The term adaptive reuse summarizes the 2023 CBD office market. The former Guaranty Bank block will see the addition of approx. 100 market-rate apartments and a 10,000 SF fitness facility. The Economic Alliance office building repurposed its first floor as a magnet high school and the former Principal office building is slated for conversion to multifamily.

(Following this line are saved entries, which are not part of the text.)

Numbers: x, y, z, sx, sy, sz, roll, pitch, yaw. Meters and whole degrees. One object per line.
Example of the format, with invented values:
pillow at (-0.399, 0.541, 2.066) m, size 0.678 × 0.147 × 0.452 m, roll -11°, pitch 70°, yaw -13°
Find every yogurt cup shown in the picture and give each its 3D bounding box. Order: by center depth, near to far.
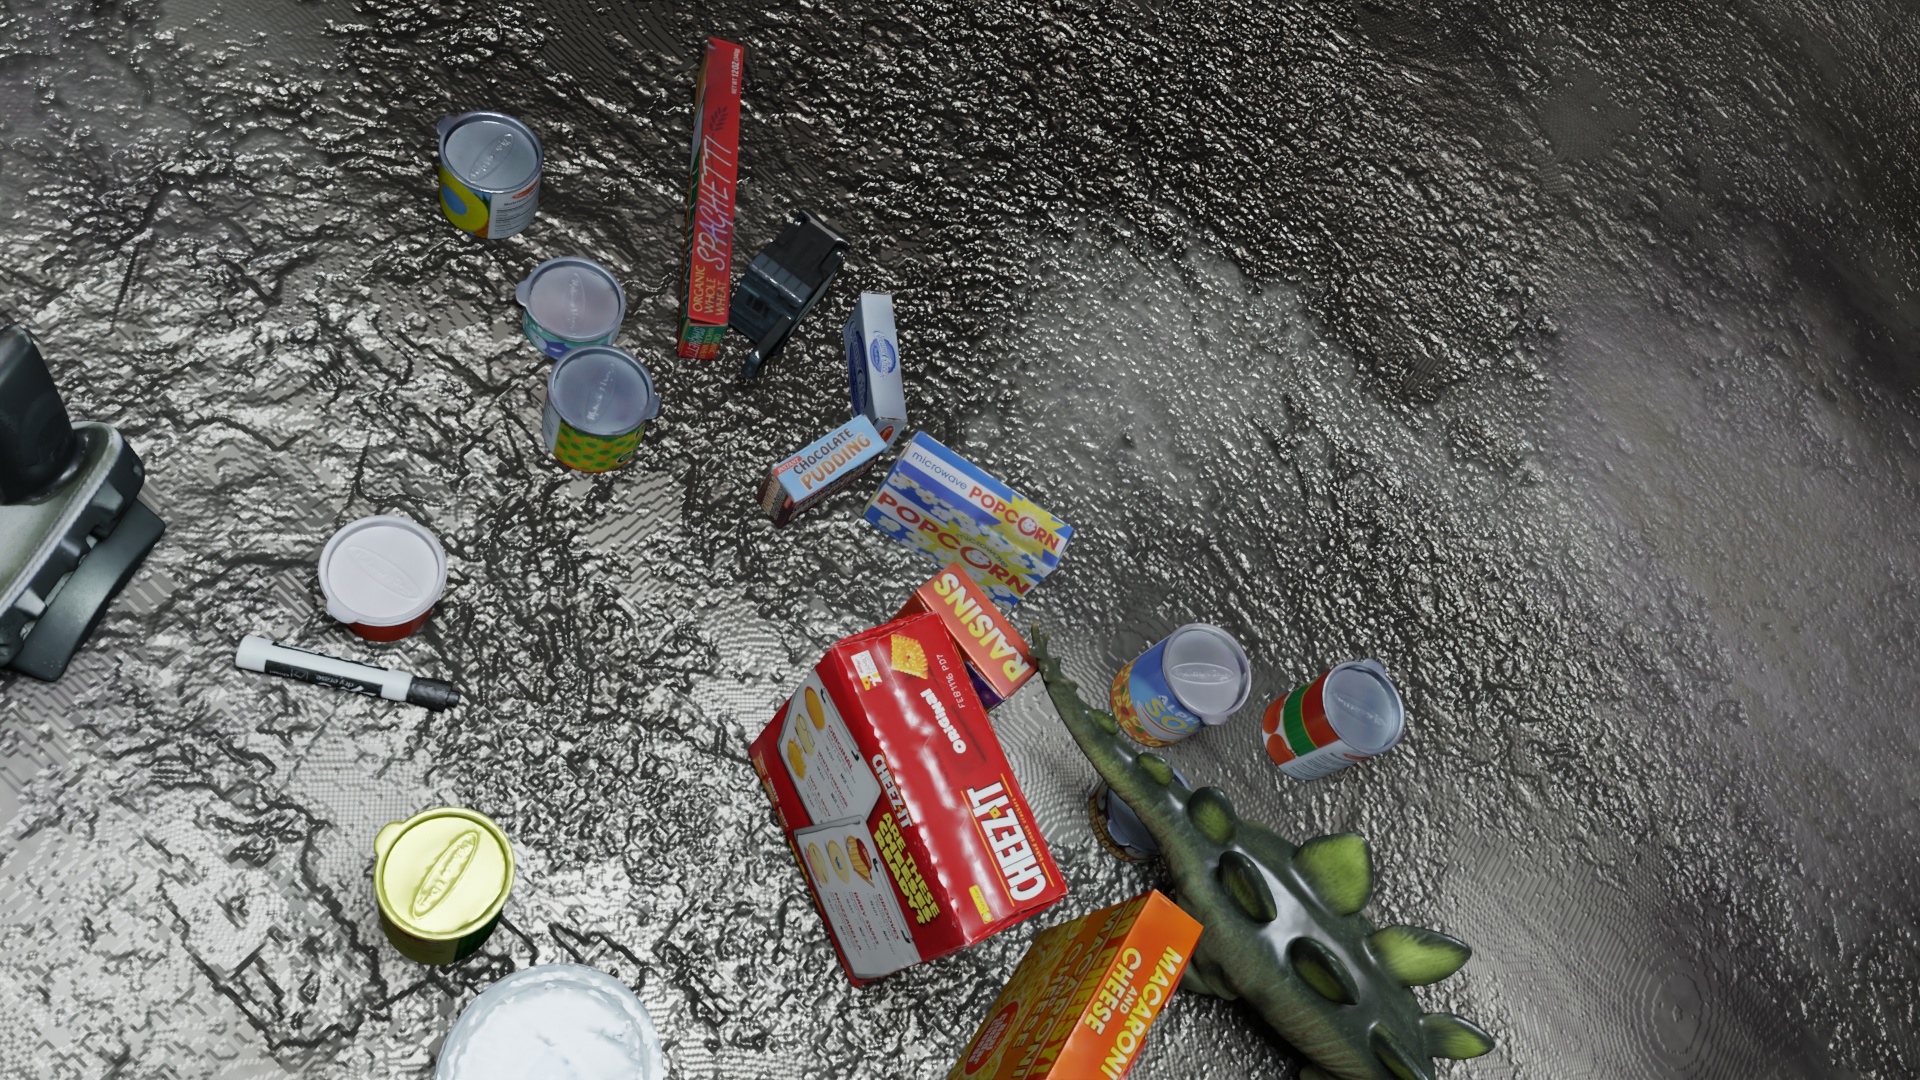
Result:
yogurt cup at (-0.337, 0.026, 0.813) m, size 0.072 × 0.053 × 0.072 m, roll 8°, pitch 64°, yaw -18°

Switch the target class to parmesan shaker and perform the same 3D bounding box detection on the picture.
parmesan shaker at (-0.276, 0.183, 0.737) m, size 0.071 × 0.102 × 0.071 m, roll 8°, pitch 65°, yaw -18°

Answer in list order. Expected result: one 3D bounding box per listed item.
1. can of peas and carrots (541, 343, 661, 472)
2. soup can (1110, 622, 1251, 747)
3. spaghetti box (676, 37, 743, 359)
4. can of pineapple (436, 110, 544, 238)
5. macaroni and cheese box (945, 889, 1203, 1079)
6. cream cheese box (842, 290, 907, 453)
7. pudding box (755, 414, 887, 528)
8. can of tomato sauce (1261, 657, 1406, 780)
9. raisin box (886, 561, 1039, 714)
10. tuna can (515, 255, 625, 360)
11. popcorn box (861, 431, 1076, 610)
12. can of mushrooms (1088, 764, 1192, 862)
can of peas and carrots at (-0.233, -0.084, 0.901) m, size 0.071 × 0.058 × 0.071 m, roll 8°, pitch 64°, yaw -18°
soup can at (0.150, 0.103, 0.953) m, size 0.071 × 0.083 × 0.071 m, roll 8°, pitch 65°, yaw -18°
spaghetti box at (-0.180, -0.248, 1.001) m, size 0.029 × 0.050 × 0.251 m, roll 7°, pitch 65°, yaw -19°
can of pineapple at (-0.320, -0.248, 0.942) m, size 0.071 × 0.057 × 0.071 m, roll 8°, pitch 64°, yaw -18°
macaroni and cheese box at (0.061, 0.272, 0.793) m, size 0.040 × 0.165 × 0.124 m, roll 39°, pitch 59°, yaw -1°
cream cheese box at (-0.062, -0.119, 0.988) m, size 0.024 × 0.053 × 0.104 m, roll 1°, pitch 67°, yaw -21°
pudding box at (-0.095, -0.048, 0.944) m, size 0.084 × 0.049 × 0.030 m, roll -34°, pitch 83°, yaw -30°
can of tomato sauce at (0.263, 0.127, 0.987) m, size 0.071 × 0.082 × 0.071 m, roll 8°, pitch 65°, yaw -18°
raisin box at (-0.009, 0.075, 0.880) m, size 0.040 × 0.123 × 0.086 m, roll -36°, pitch 84°, yaw -30°
tuna can at (-0.264, -0.156, 0.936) m, size 0.071 × 0.032 × 0.071 m, roll 8°, pitch 64°, yaw -18°
popcorn box at (0.003, -0.012, 0.946) m, size 0.127 × 0.085 × 0.038 m, roll 33°, pitch 60°, yaw -5°
can of mushrooms at (0.120, 0.183, 0.934) m, size 0.071 × 0.033 × 0.071 m, roll 8°, pitch 64°, yaw -18°

While the CBD lost electric transmission company, ITC Midwest, and the long-standing branch banking services of U.S. Bank, it gained the corporate headquarters of the Iowa Interstate Railroad, a considerable expansion of Cedar Rapids Bank & Trust and the relocation/additional investment by Shuttleworth & Ingersoll into their move to the former Gazette building.

Looking Ahead

Additional underutilized office space conversion is on the horizon. Developers and owners will continue to seek ways to fill or convert their vacant office space/buildings, specifically with multifamily, educational and medical users.

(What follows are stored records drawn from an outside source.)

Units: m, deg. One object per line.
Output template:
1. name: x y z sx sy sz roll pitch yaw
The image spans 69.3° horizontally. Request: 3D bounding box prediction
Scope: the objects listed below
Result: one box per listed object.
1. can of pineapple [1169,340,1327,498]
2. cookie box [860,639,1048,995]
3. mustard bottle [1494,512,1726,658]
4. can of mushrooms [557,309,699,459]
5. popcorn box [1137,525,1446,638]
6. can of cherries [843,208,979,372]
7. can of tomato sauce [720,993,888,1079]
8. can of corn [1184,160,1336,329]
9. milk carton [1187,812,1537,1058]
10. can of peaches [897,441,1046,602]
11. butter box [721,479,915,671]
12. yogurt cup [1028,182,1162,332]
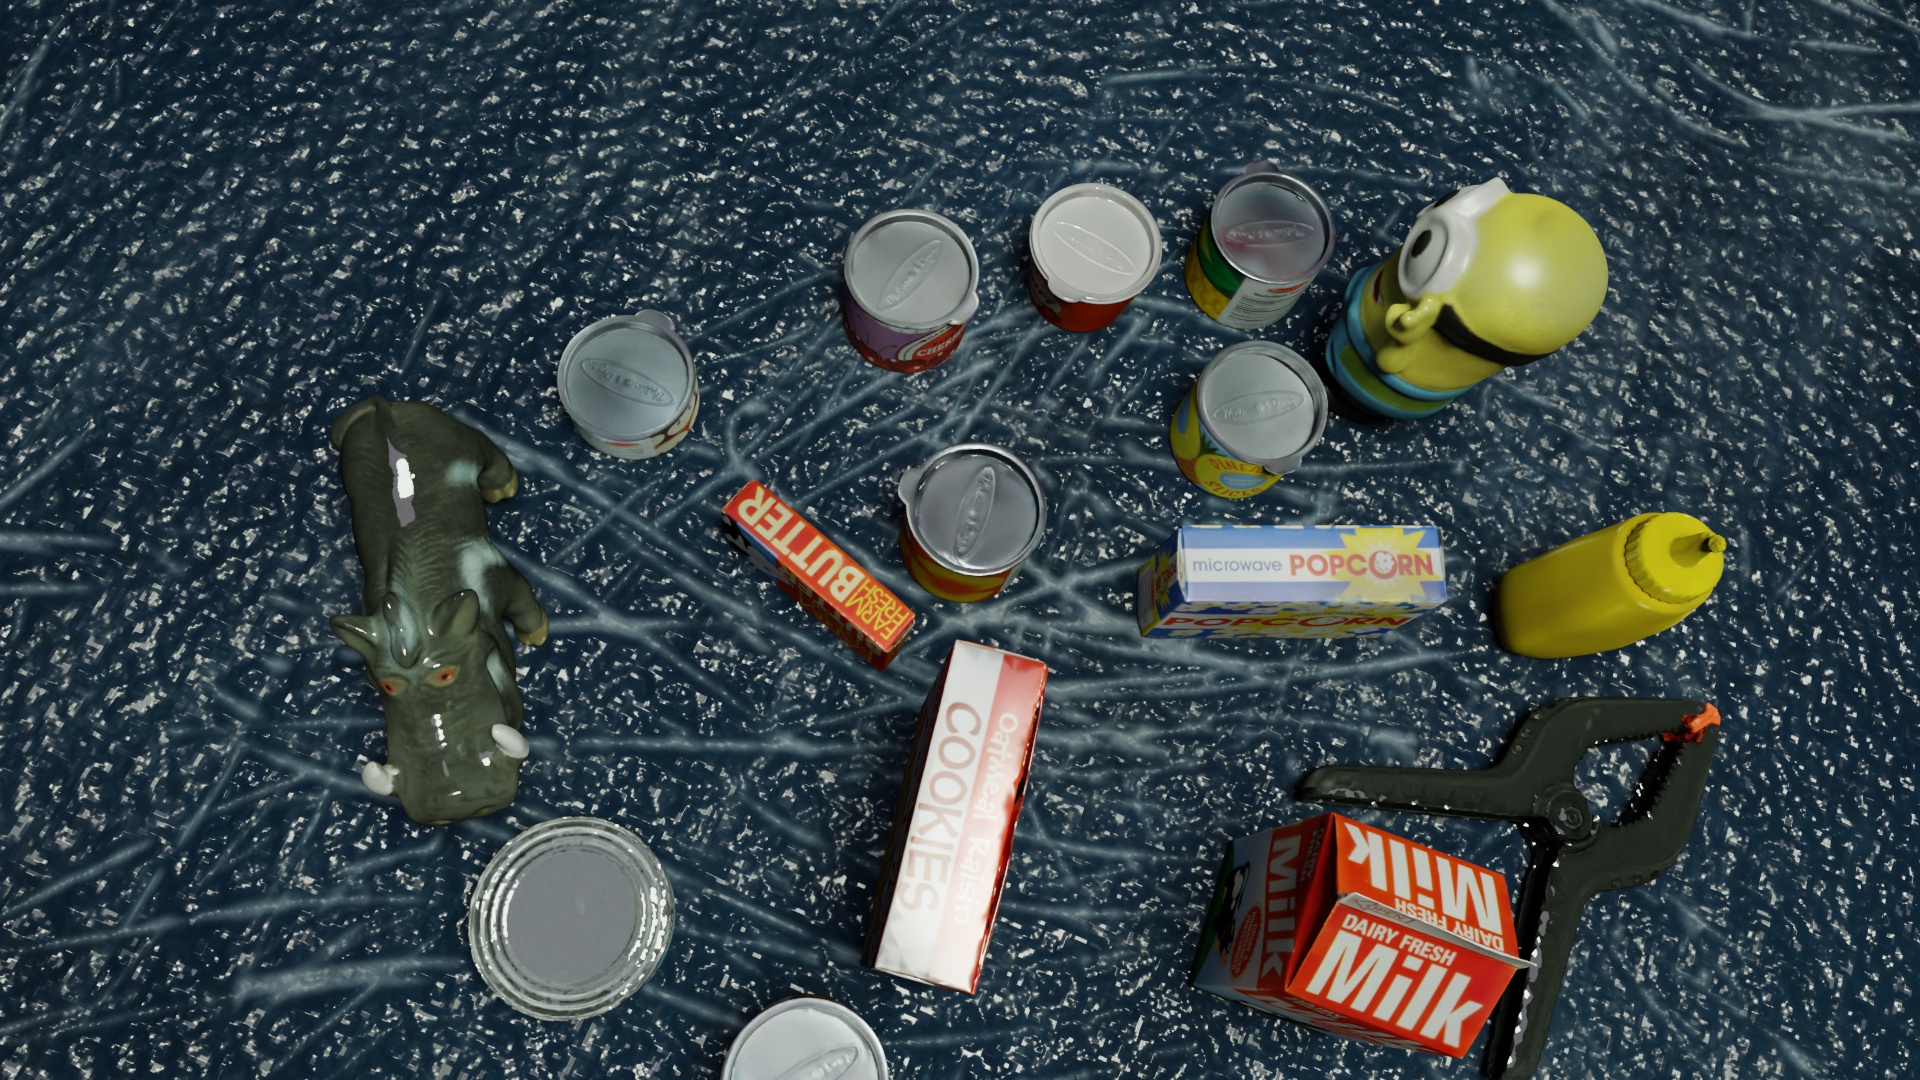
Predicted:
1. can of pineapple: 0.145 -0.058 0.706 0.071 0.057 0.071 2 73 -6
2. cookie box: -0.006 0.120 0.577 0.040 0.167 0.123 14 73 -2
3. mustard bottle: 0.309 0.019 0.648 0.065 0.159 0.049 -1 74 -7
4. can of mushrooms: -0.163 -0.077 0.690 0.071 0.033 0.071 2 73 -6
5. popcorn box: 0.156 0.021 0.669 0.127 0.085 0.038 0 74 -6
6. can of cherries: -0.025 -0.124 0.706 0.071 0.058 0.071 2 73 -6
7. can of tomato sauce: -0.064 0.227 0.582 0.071 0.083 0.071 2 73 -6
8. can of corn: 0.157 -0.155 0.737 0.071 0.058 0.071 2 73 -6
9. milk carton: 0.159 0.162 0.571 0.072 0.190 0.073 21 73 0
10. can of peaches: 0.002 -0.008 0.675 0.071 0.058 0.071 2 73 -6
11. butter box: -0.067 0.018 0.661 0.103 0.053 0.024 40 74 6
12. yogurt cup: 0.066 -0.144 0.725 0.072 0.053 0.072 2 73 -6

Significant transactions announced, in progress, completed or traded

  • 201 1st Avenue SE, Cedar RapidsDowntown Building — 10,160 SF building with a first-floor restaurant and second/third-floor space sold for $815,000
  • 611 2nd Avenue SE, Cedar RapidsVacant Building — renovation announced for an 8,400 SF building into first-floor restaurant/retail space and second-floor market-rate apartments, $3,318,000 investment

SUBURBAN OFFICE

Analysis

The figures contained herein focus on metro area office properties. CBD office and non-competitive owner-occupied medical buildings do not accurately affect local vacancy or rental rates and are therefore excluded from this analysis.

Market Overview

The Cedar Rapids metro suburban office market consists of approx. 5,700,000 SF. Entering 2023, the vacancy rate was 17.57% which increased throughout the year, ultimately ending at 20.32%. The average asking rental rate is $10.76/SF NNN, decreasing slightly from $10.83/SF NNN at the beginning of 2023.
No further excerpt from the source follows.